New moms can get a significant emotional boost when they communicate openly, be it with their spouse or partner or other trusted family member, or a friend, doctor or support group. Being able to talk to someone without fear of being judged “is crucial,” Tawa says. “That’s one big thing I hear [from patients] over and over again: ‘I can’t tell anybody how I’m really feeling because they’re going to think I’m a horrible mom. They’re going to take away my baby because they’re going to think I’m a nut job.’”
In addition to engaging in honest conversations about their concerns and struggles, moms need to take care of themselves in general. They should resist thinking that they must relinquish their identity and their self-care, Tawa says. “Go on your walks, go to yoga, go do other things you really enjoy, go to a movie with a friend,” she says. Exercise, in particular, provides many benefits, and can be an effective way to combat anxiety because it stimulates endorphin and dopamine release, which helps soothe and uplift emotions. “Being physically active is phenomenal,” in terms of the payback it brings, Tawa says.

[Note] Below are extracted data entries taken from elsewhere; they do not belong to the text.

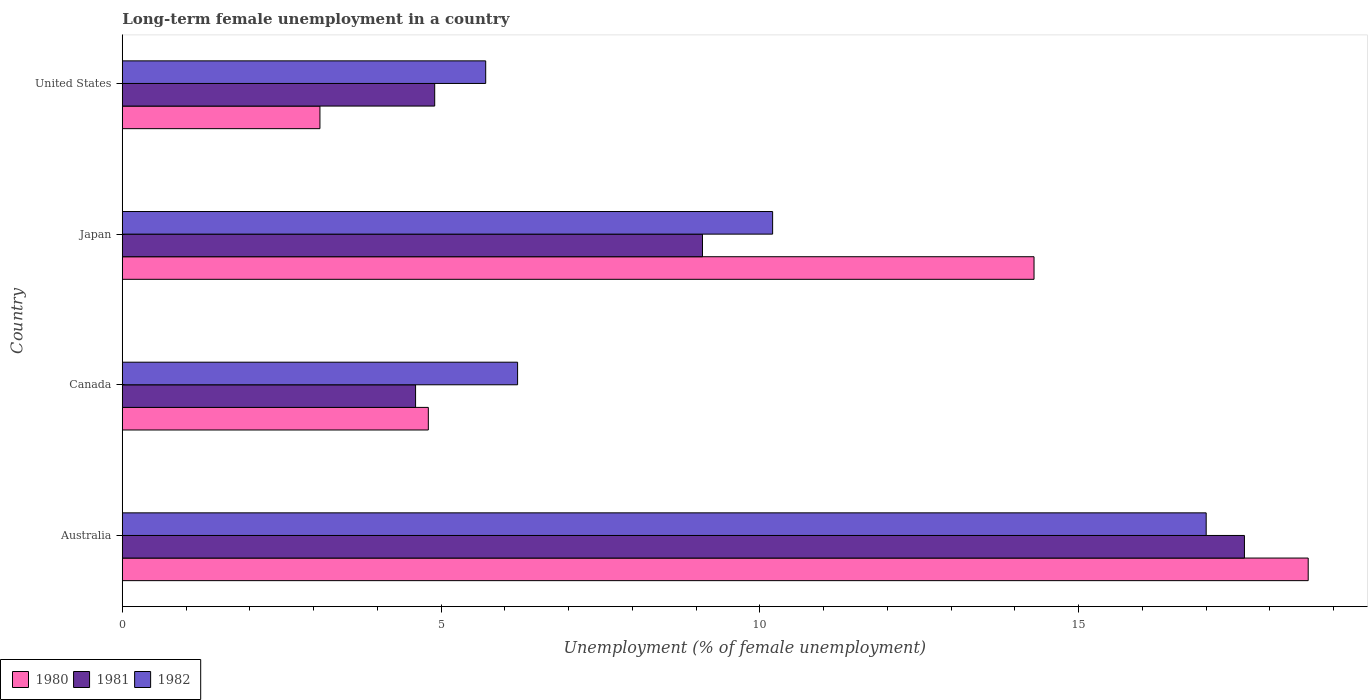How many different coloured bars are there?
Your response must be concise. 3. How many groups of bars are there?
Your answer should be compact. 4. Are the number of bars per tick equal to the number of legend labels?
Offer a terse response. Yes. How many bars are there on the 2nd tick from the top?
Make the answer very short. 3. In how many cases, is the number of bars for a given country not equal to the number of legend labels?
Offer a very short reply. 0. What is the percentage of long-term unemployed female population in 1980 in Japan?
Your answer should be very brief. 14.3. Across all countries, what is the maximum percentage of long-term unemployed female population in 1980?
Offer a terse response. 18.6. Across all countries, what is the minimum percentage of long-term unemployed female population in 1982?
Make the answer very short. 5.7. In which country was the percentage of long-term unemployed female population in 1980 minimum?
Make the answer very short. United States. What is the total percentage of long-term unemployed female population in 1981 in the graph?
Offer a very short reply. 36.2. What is the difference between the percentage of long-term unemployed female population in 1980 in Canada and that in Japan?
Your response must be concise. -9.5. What is the difference between the percentage of long-term unemployed female population in 1980 in Japan and the percentage of long-term unemployed female population in 1981 in Canada?
Provide a short and direct response. 9.7. What is the average percentage of long-term unemployed female population in 1981 per country?
Make the answer very short. 9.05. What is the difference between the percentage of long-term unemployed female population in 1982 and percentage of long-term unemployed female population in 1980 in Japan?
Give a very brief answer. -4.1. In how many countries, is the percentage of long-term unemployed female population in 1981 greater than 4 %?
Your answer should be compact. 4. What is the ratio of the percentage of long-term unemployed female population in 1982 in Australia to that in United States?
Your answer should be very brief. 2.98. Is the difference between the percentage of long-term unemployed female population in 1982 in Australia and United States greater than the difference between the percentage of long-term unemployed female population in 1980 in Australia and United States?
Offer a very short reply. No. What is the difference between the highest and the second highest percentage of long-term unemployed female population in 1982?
Give a very brief answer. 6.8. What is the difference between the highest and the lowest percentage of long-term unemployed female population in 1980?
Provide a short and direct response. 15.5. In how many countries, is the percentage of long-term unemployed female population in 1980 greater than the average percentage of long-term unemployed female population in 1980 taken over all countries?
Your answer should be very brief. 2. Is the sum of the percentage of long-term unemployed female population in 1980 in Australia and United States greater than the maximum percentage of long-term unemployed female population in 1982 across all countries?
Your response must be concise. Yes. What does the 1st bar from the bottom in Japan represents?
Your answer should be compact. 1980. Are all the bars in the graph horizontal?
Offer a very short reply. Yes. What is the difference between two consecutive major ticks on the X-axis?
Keep it short and to the point. 5. Are the values on the major ticks of X-axis written in scientific E-notation?
Your response must be concise. No. Where does the legend appear in the graph?
Keep it short and to the point. Bottom left. How many legend labels are there?
Offer a terse response. 3. What is the title of the graph?
Offer a terse response. Long-term female unemployment in a country. Does "2004" appear as one of the legend labels in the graph?
Offer a terse response. No. What is the label or title of the X-axis?
Give a very brief answer. Unemployment (% of female unemployment). What is the label or title of the Y-axis?
Make the answer very short. Country. What is the Unemployment (% of female unemployment) of 1980 in Australia?
Your answer should be compact. 18.6. What is the Unemployment (% of female unemployment) of 1981 in Australia?
Your answer should be very brief. 17.6. What is the Unemployment (% of female unemployment) in 1980 in Canada?
Keep it short and to the point. 4.8. What is the Unemployment (% of female unemployment) in 1981 in Canada?
Give a very brief answer. 4.6. What is the Unemployment (% of female unemployment) in 1982 in Canada?
Provide a short and direct response. 6.2. What is the Unemployment (% of female unemployment) in 1980 in Japan?
Give a very brief answer. 14.3. What is the Unemployment (% of female unemployment) in 1981 in Japan?
Your answer should be very brief. 9.1. What is the Unemployment (% of female unemployment) of 1982 in Japan?
Your response must be concise. 10.2. What is the Unemployment (% of female unemployment) of 1980 in United States?
Provide a short and direct response. 3.1. What is the Unemployment (% of female unemployment) of 1981 in United States?
Keep it short and to the point. 4.9. What is the Unemployment (% of female unemployment) of 1982 in United States?
Make the answer very short. 5.7. Across all countries, what is the maximum Unemployment (% of female unemployment) of 1980?
Your response must be concise. 18.6. Across all countries, what is the maximum Unemployment (% of female unemployment) in 1981?
Provide a succinct answer. 17.6. Across all countries, what is the minimum Unemployment (% of female unemployment) of 1980?
Give a very brief answer. 3.1. Across all countries, what is the minimum Unemployment (% of female unemployment) of 1981?
Offer a terse response. 4.6. Across all countries, what is the minimum Unemployment (% of female unemployment) in 1982?
Provide a short and direct response. 5.7. What is the total Unemployment (% of female unemployment) in 1980 in the graph?
Offer a very short reply. 40.8. What is the total Unemployment (% of female unemployment) of 1981 in the graph?
Your answer should be very brief. 36.2. What is the total Unemployment (% of female unemployment) of 1982 in the graph?
Provide a succinct answer. 39.1. What is the difference between the Unemployment (% of female unemployment) of 1981 in Australia and that in Canada?
Keep it short and to the point. 13. What is the difference between the Unemployment (% of female unemployment) in 1982 in Australia and that in Canada?
Provide a short and direct response. 10.8. What is the difference between the Unemployment (% of female unemployment) of 1980 in Australia and that in Japan?
Your answer should be very brief. 4.3. What is the difference between the Unemployment (% of female unemployment) in 1981 in Australia and that in Japan?
Make the answer very short. 8.5. What is the difference between the Unemployment (% of female unemployment) of 1982 in Australia and that in Japan?
Your response must be concise. 6.8. What is the difference between the Unemployment (% of female unemployment) in 1980 in Australia and that in United States?
Make the answer very short. 15.5. What is the difference between the Unemployment (% of female unemployment) of 1980 in Canada and that in Japan?
Give a very brief answer. -9.5. What is the difference between the Unemployment (% of female unemployment) in 1982 in Canada and that in United States?
Offer a very short reply. 0.5. What is the difference between the Unemployment (% of female unemployment) of 1980 in Australia and the Unemployment (% of female unemployment) of 1981 in Canada?
Keep it short and to the point. 14. What is the difference between the Unemployment (% of female unemployment) of 1981 in Australia and the Unemployment (% of female unemployment) of 1982 in Canada?
Ensure brevity in your answer.  11.4. What is the difference between the Unemployment (% of female unemployment) of 1981 in Australia and the Unemployment (% of female unemployment) of 1982 in Japan?
Offer a terse response. 7.4. What is the difference between the Unemployment (% of female unemployment) in 1980 in Australia and the Unemployment (% of female unemployment) in 1981 in United States?
Provide a succinct answer. 13.7. What is the difference between the Unemployment (% of female unemployment) of 1980 in Australia and the Unemployment (% of female unemployment) of 1982 in United States?
Keep it short and to the point. 12.9. What is the difference between the Unemployment (% of female unemployment) of 1980 in Canada and the Unemployment (% of female unemployment) of 1981 in United States?
Give a very brief answer. -0.1. What is the difference between the Unemployment (% of female unemployment) of 1980 in Canada and the Unemployment (% of female unemployment) of 1982 in United States?
Make the answer very short. -0.9. What is the average Unemployment (% of female unemployment) in 1980 per country?
Offer a very short reply. 10.2. What is the average Unemployment (% of female unemployment) of 1981 per country?
Provide a succinct answer. 9.05. What is the average Unemployment (% of female unemployment) in 1982 per country?
Your answer should be compact. 9.78. What is the difference between the Unemployment (% of female unemployment) in 1980 and Unemployment (% of female unemployment) in 1982 in Australia?
Provide a short and direct response. 1.6. What is the difference between the Unemployment (% of female unemployment) of 1981 and Unemployment (% of female unemployment) of 1982 in Australia?
Offer a very short reply. 0.6. What is the difference between the Unemployment (% of female unemployment) of 1981 and Unemployment (% of female unemployment) of 1982 in Canada?
Ensure brevity in your answer.  -1.6. What is the difference between the Unemployment (% of female unemployment) in 1981 and Unemployment (% of female unemployment) in 1982 in Japan?
Ensure brevity in your answer.  -1.1. What is the difference between the Unemployment (% of female unemployment) in 1980 and Unemployment (% of female unemployment) in 1981 in United States?
Keep it short and to the point. -1.8. What is the difference between the Unemployment (% of female unemployment) of 1981 and Unemployment (% of female unemployment) of 1982 in United States?
Give a very brief answer. -0.8. What is the ratio of the Unemployment (% of female unemployment) in 1980 in Australia to that in Canada?
Your response must be concise. 3.88. What is the ratio of the Unemployment (% of female unemployment) in 1981 in Australia to that in Canada?
Offer a very short reply. 3.83. What is the ratio of the Unemployment (% of female unemployment) in 1982 in Australia to that in Canada?
Provide a succinct answer. 2.74. What is the ratio of the Unemployment (% of female unemployment) of 1980 in Australia to that in Japan?
Your answer should be compact. 1.3. What is the ratio of the Unemployment (% of female unemployment) of 1981 in Australia to that in Japan?
Keep it short and to the point. 1.93. What is the ratio of the Unemployment (% of female unemployment) in 1982 in Australia to that in Japan?
Your answer should be compact. 1.67. What is the ratio of the Unemployment (% of female unemployment) in 1981 in Australia to that in United States?
Your answer should be compact. 3.59. What is the ratio of the Unemployment (% of female unemployment) in 1982 in Australia to that in United States?
Provide a short and direct response. 2.98. What is the ratio of the Unemployment (% of female unemployment) in 1980 in Canada to that in Japan?
Offer a terse response. 0.34. What is the ratio of the Unemployment (% of female unemployment) in 1981 in Canada to that in Japan?
Keep it short and to the point. 0.51. What is the ratio of the Unemployment (% of female unemployment) in 1982 in Canada to that in Japan?
Ensure brevity in your answer.  0.61. What is the ratio of the Unemployment (% of female unemployment) in 1980 in Canada to that in United States?
Offer a very short reply. 1.55. What is the ratio of the Unemployment (% of female unemployment) of 1981 in Canada to that in United States?
Provide a short and direct response. 0.94. What is the ratio of the Unemployment (% of female unemployment) in 1982 in Canada to that in United States?
Offer a very short reply. 1.09. What is the ratio of the Unemployment (% of female unemployment) in 1980 in Japan to that in United States?
Your answer should be very brief. 4.61. What is the ratio of the Unemployment (% of female unemployment) of 1981 in Japan to that in United States?
Make the answer very short. 1.86. What is the ratio of the Unemployment (% of female unemployment) of 1982 in Japan to that in United States?
Provide a short and direct response. 1.79. What is the difference between the highest and the second highest Unemployment (% of female unemployment) of 1980?
Offer a very short reply. 4.3. What is the difference between the highest and the second highest Unemployment (% of female unemployment) in 1982?
Offer a terse response. 6.8. What is the difference between the highest and the lowest Unemployment (% of female unemployment) of 1980?
Offer a terse response. 15.5. 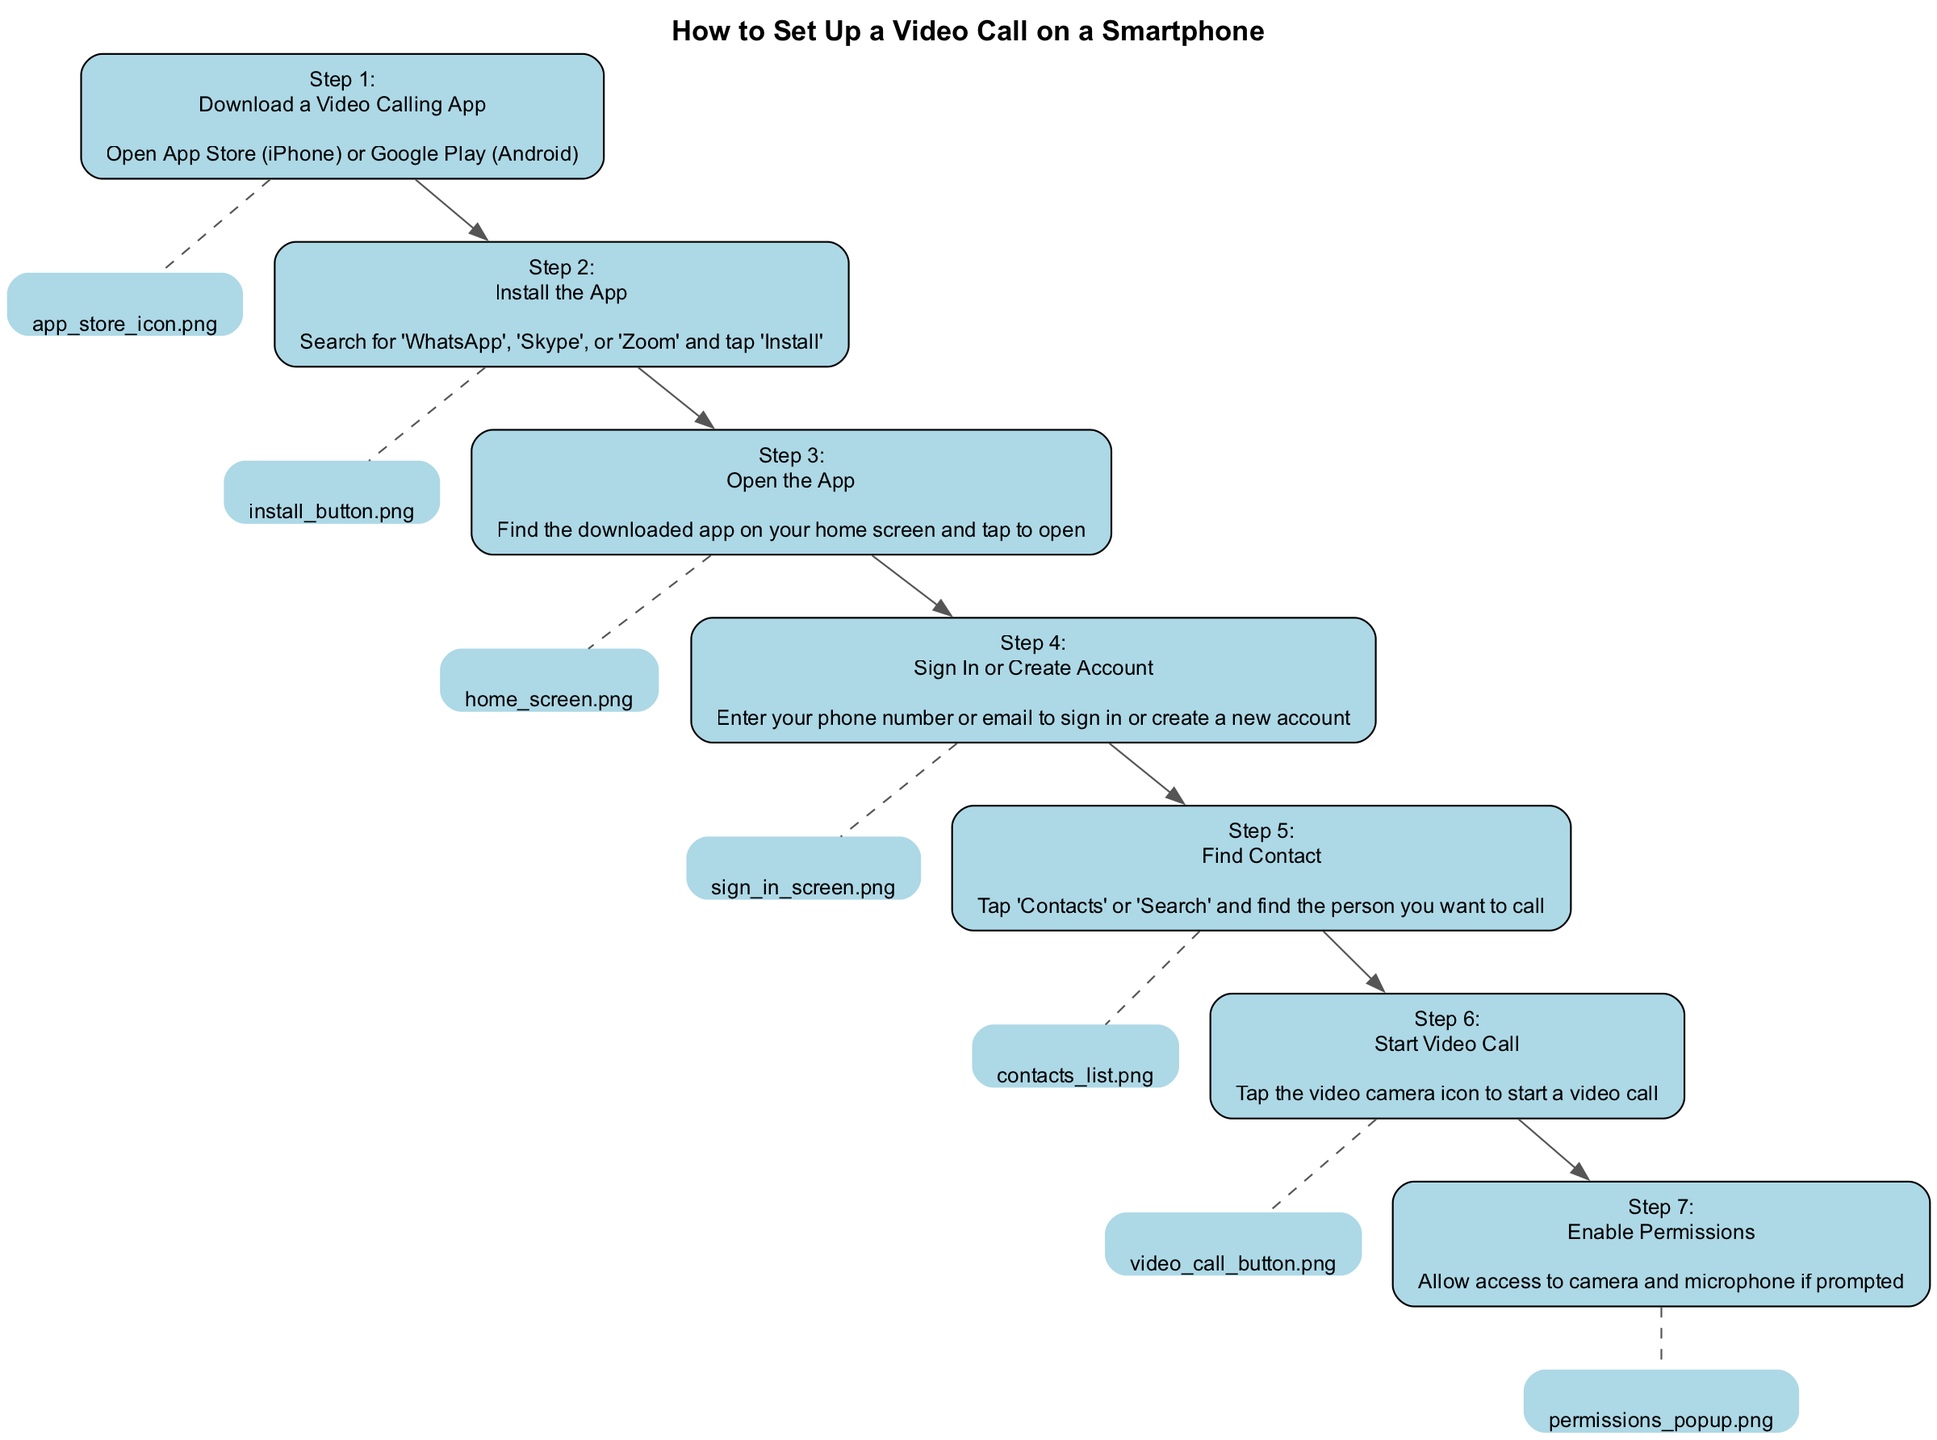What is the first step in setting up a video call? The first step listed in the diagram is downloading a video calling app, which is clearly stated as the title of the first step.
Answer: Download a Video Calling App How many steps are in the diagram? By counting the number of individual steps presented in the diagram, we can see there are a total of seven steps describing the process.
Answer: 7 What is the visual cue for the 'Sign In or Create Account' step? The visual cue associated with the 'Sign In or Create Account' step, which is the fourth step, is the image labeled 'sign_in_screen.png'. This is indicated as the visual representation connected to that particular step.
Answer: sign_in_screen.png What do you need to allow when prompted? The diagram states that you need to enable permissions to allow access to the camera and microphone when prompted, which is part of the last step.
Answer: Access to camera and microphone Which step comes after finding a contact? The step that follows 'Find Contact', which is the fifth step, is 'Start Video Call', as the arrows connecting the steps indicate the sequence in which they occur.
Answer: Start Video Call What app options are provided in the installation step? The options provided in the second step for installing are 'WhatsApp', 'Skype', or 'Zoom', which are explicitly mentioned in the description of that step.
Answer: WhatsApp, Skype, Zoom How does one start a video call? To start a video call, the diagram instructs to tap the video camera icon, which is the action described in the sixth step of the diagram.
Answer: Tap the video camera icon Which step requires you to tap on 'Contacts'? The step that requires tapping on 'Contacts' is the fifth step, clearly stating that action in its description for finding a person to call.
Answer: Find Contact 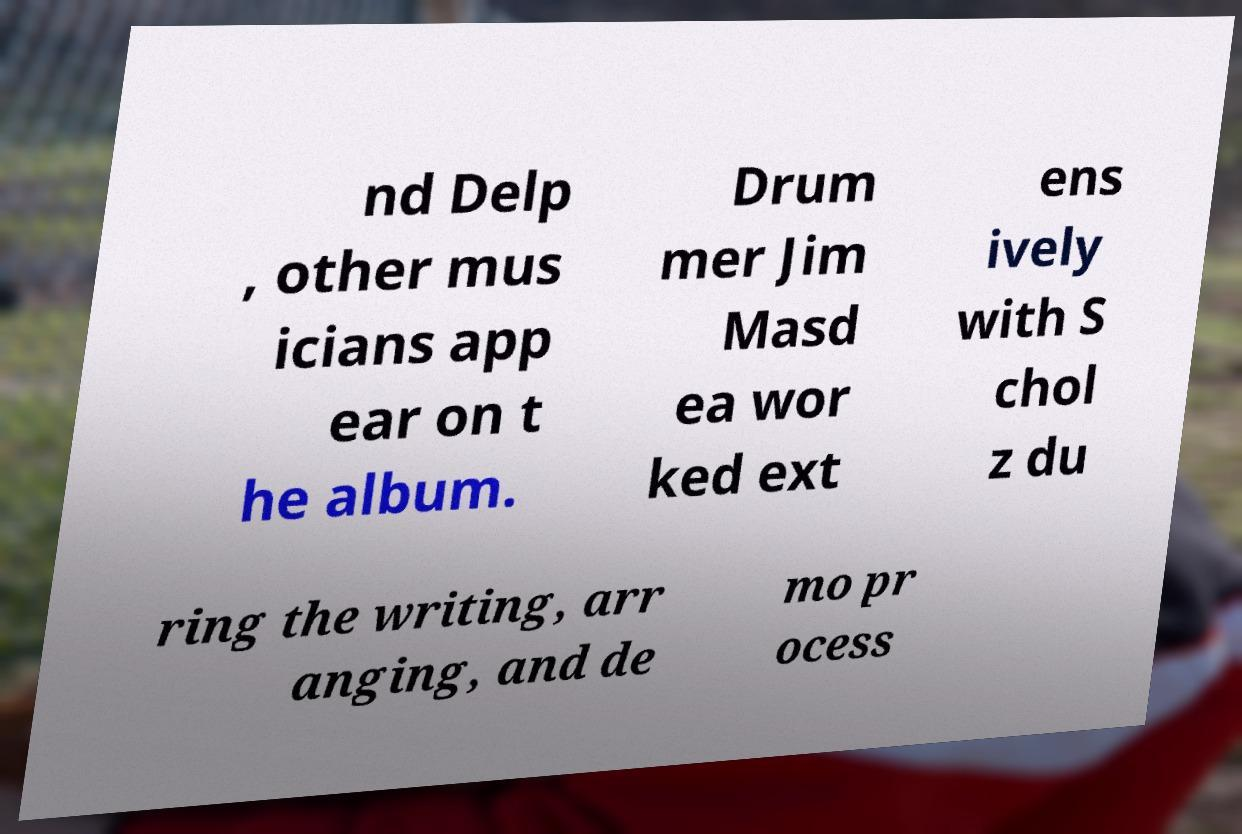Could you extract and type out the text from this image? nd Delp , other mus icians app ear on t he album. Drum mer Jim Masd ea wor ked ext ens ively with S chol z du ring the writing, arr anging, and de mo pr ocess

And importantly, anxious mothers should not delay in getting the help they need, for their sake as well their baby’s; addressing the problem early can stave off depression and worsening emotional difficulties. From one-on-one counseling to mom-and-baby gatherings and support groups, many forms of assistance are available, Tawa says, and they can help women realize that other mothers, in fact, share some of the same emotions and concerns.
Help for Anxious Moms
All by itself, the day-to-day (and night) grind of motherhood is hard. Coming as it does — with a bevy of significant life changes and super-mom goals, such as cheerfully keeping up with housework while churning out crafts, whipping up nutritious meals and spending quality time with the kid(s) — can make it feel downright impossible. Some women obsess over their perceived inability to get it right, especially while so many people on social media seem to find motherhood a breeze, and excessively worry about the well-being of their baby.
But whether you are an expectant mom, a newly minted mother or an experienced mom who is expanding her brood, there are steps you can take to help safeguard your well-being as you navigate what can feel like the emotional minefield of motherhood. The following are tips from Amy Chouinard, MA, LCMHC, a mental health counselor at Perinatal & Women’s Mental Health Counseling, and Jennifer Tawa, APRN, PMHNP-BC, a nurse practitioner who specializes in obstetric psychiatric care at Southern New Hampshire Health:
Communicate openly with your obstetrician or your child’s pediatrician, Tawa says. Let him or her know your concerns.
Join a new mom or new baby group, take your kid(s) to story time at your library or go to the playground so that you can commiserate with other mothers, and/or likely see that other people are not having a perfect motherhood experience either. Realizing that you’re not the only one struggling can help calm your fears and normalize your expectations, Chouinard says. Plus, just getting out of the house can help you feel better.
If you can’t find a group or get to a place where moms congregate, reach out to a trusted friend or family member and let them know if you are struggling. “[Moms] who don’t talk to people and try to manage it all by themselves are probably most at risk” of having ongoing anxiety trouble, Chouinard says.
Set yourself up for success by having realistic expectations and support measures in place. Whether you’re expecting or already have a child, figure out who and what is available to help you cope. Arrange for a regular babysitter, enlist help from your partner or family and get proper sleep when possible.
Be physically active. You might not think you have time for it, but exercise eases tension and anxiety. If you can’t get to a gym, pack up the stroller and head out for a brisk walk.
Get help if you need it. Many insurance plans cover therapy, Chouinard says.